Spatially-Adaptive Gated Activation (SAGA) for medical image restoration
Project description
SAGA — Spatially-Adaptive Gated Activation
An Interpretable Deep Learning Method for Medical Image Deblurring and Restoration
Siju K.S., Vipin Venugopal, Mithun Kumar Kar, Jayakrishnan Anandakrishnan
Healthcare Analytics 9 (2026) 100468 · doi:10.1016/j.health.2026.100468
Overview
Standard activation functions (ReLU, SiLU, GELU) treat every spatial location in a feature map identically. In medical images — CT slices, DXA scans — the information content is not spatially uniform: anatomical boundaries carry high-frequency diagnostically-critical detail while homogeneous regions (background, soft tissue) require smooth suppression.
SAGA introduces a learned spatial gating map that modulates the activation response position-by-position:
G(X) = σ(W_g * X) # spatial gate (depthwise-separable conv)
SAGA(X) = G(X) ⊙ φ(X) # φ = SiLU (default)

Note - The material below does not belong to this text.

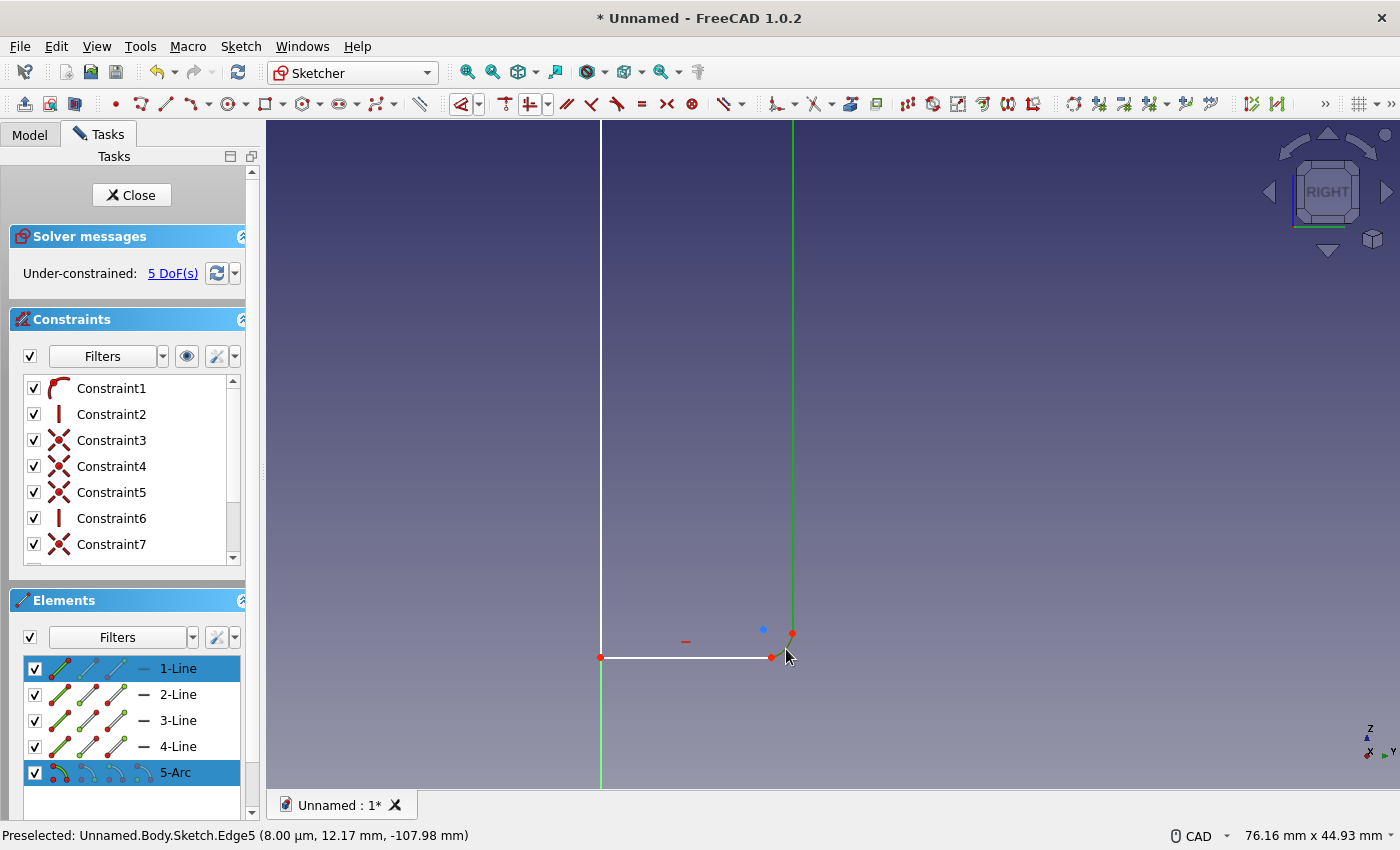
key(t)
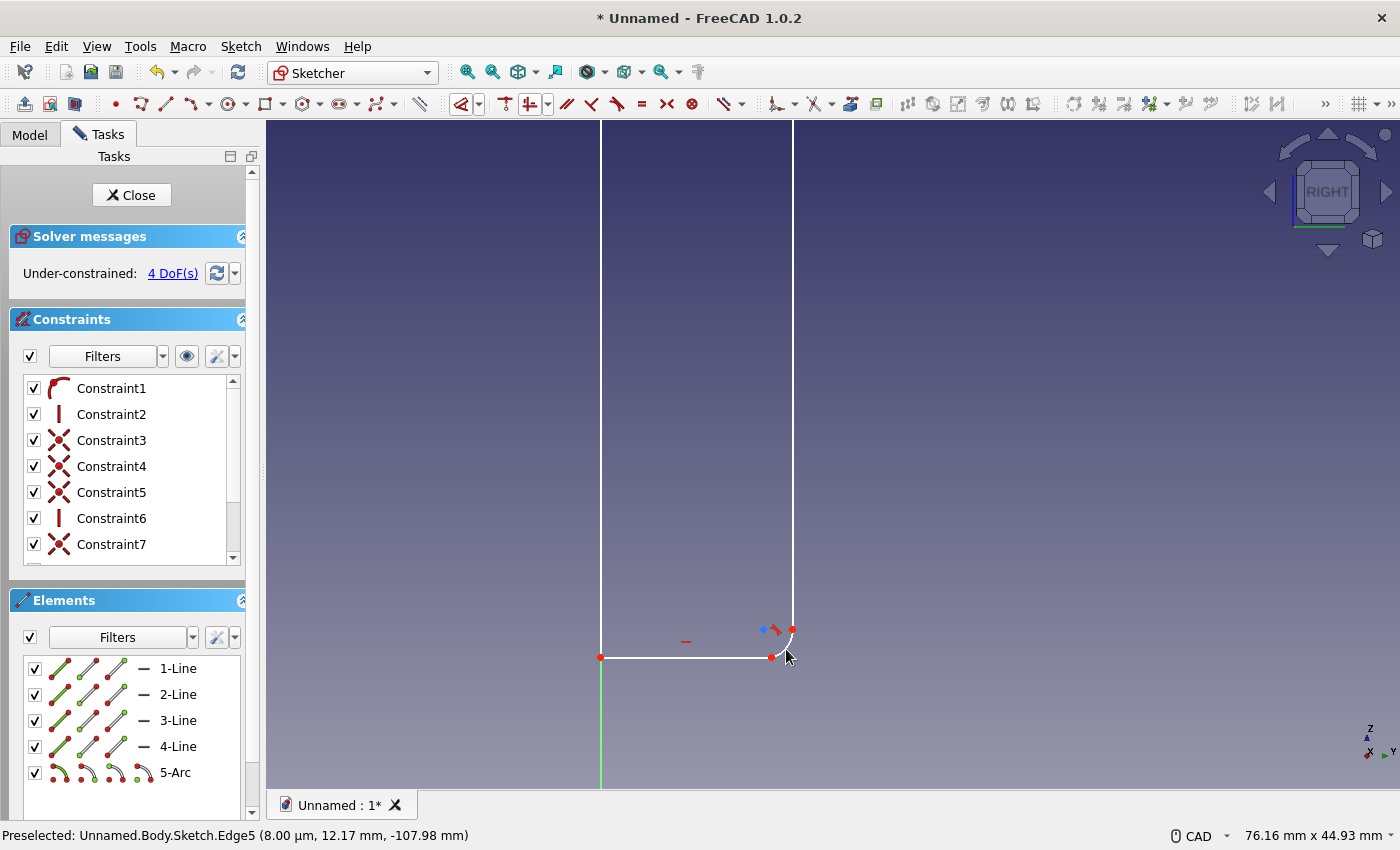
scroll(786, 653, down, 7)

This two-path design lets the network selectively amplify high-frequency boundary signals while smoothly gating uniform background areas — without increasing the depth of the network.
Installation
pip install saga-activation
Or install from source:
git clone https://github.com/sijuswamyresearch/SAGA.git
cd SAGA
pip install -e ".[dev]"
Requirements: Python ≥ 3.10, PyTorch ≥ 2.0
Quick Start
Drop-in activation replacement
import torch
from saga import SAGA
# Replace any activation layer with SAGA
act = SAGA(in_channels=64) # matches the channel dim of your feature map
x = torch.randn(2, 64, 256, 256) # (B, C, H, W)
y = act(x) # same shape: (2, 64, 256, 256)
Inside a U-Net encoder block
import torch.nn as nn
from saga import SAGA
class EncoderBlock(nn.Module):
def __init__(self, in_ch, out_ch):
super().__init__()
self.block = nn.Sequential(
nn.Conv2d(in_ch, out_ch, 3, padding=1, bias=False),
nn.BatchNorm2d(out_ch),
SAGA(out_ch), # ← swap in SAGA here
nn.Conv2d(out_ch, out_ch, 3, padding=1, bias=False),
nn.BatchNorm2d(out_ch),
SAGA(out_ch),
)
self.pool = nn.MaxPool2d(2)
def forward(self, x):
return self.pool(self.block(x))
Pre-built residual blocks
from saga import SAGAResBlock, SAGABottleneck
res = SAGAResBlock(64) # standard residual block
bottle = SAGABottleneck(64, out_channels=128) # bottleneck variant
Base-activation variants
from saga import SAGA
act_relu = SAGA(64, base_activation="relu")
act_gelu = SAGA(64, base_activation="gelu")
act_tanh = SAGA(64, base_activation="tanh")
Gate curriculum training
from saga.utils import freeze_gate, unfreeze_gate
# Phase 1 – train backbone only
freeze_gate(model)
train(model, epochs=10, lr=1e-3)
# Phase 2 – fine-tune gates
unfreeze_gate(model)
train(model, epochs=5, lr=1e-4)
Repository Structure
SAGA/
├── saga/ # installable Python package
│ ├── __init__.py
│ ├── activation.py # SAGA operator (core)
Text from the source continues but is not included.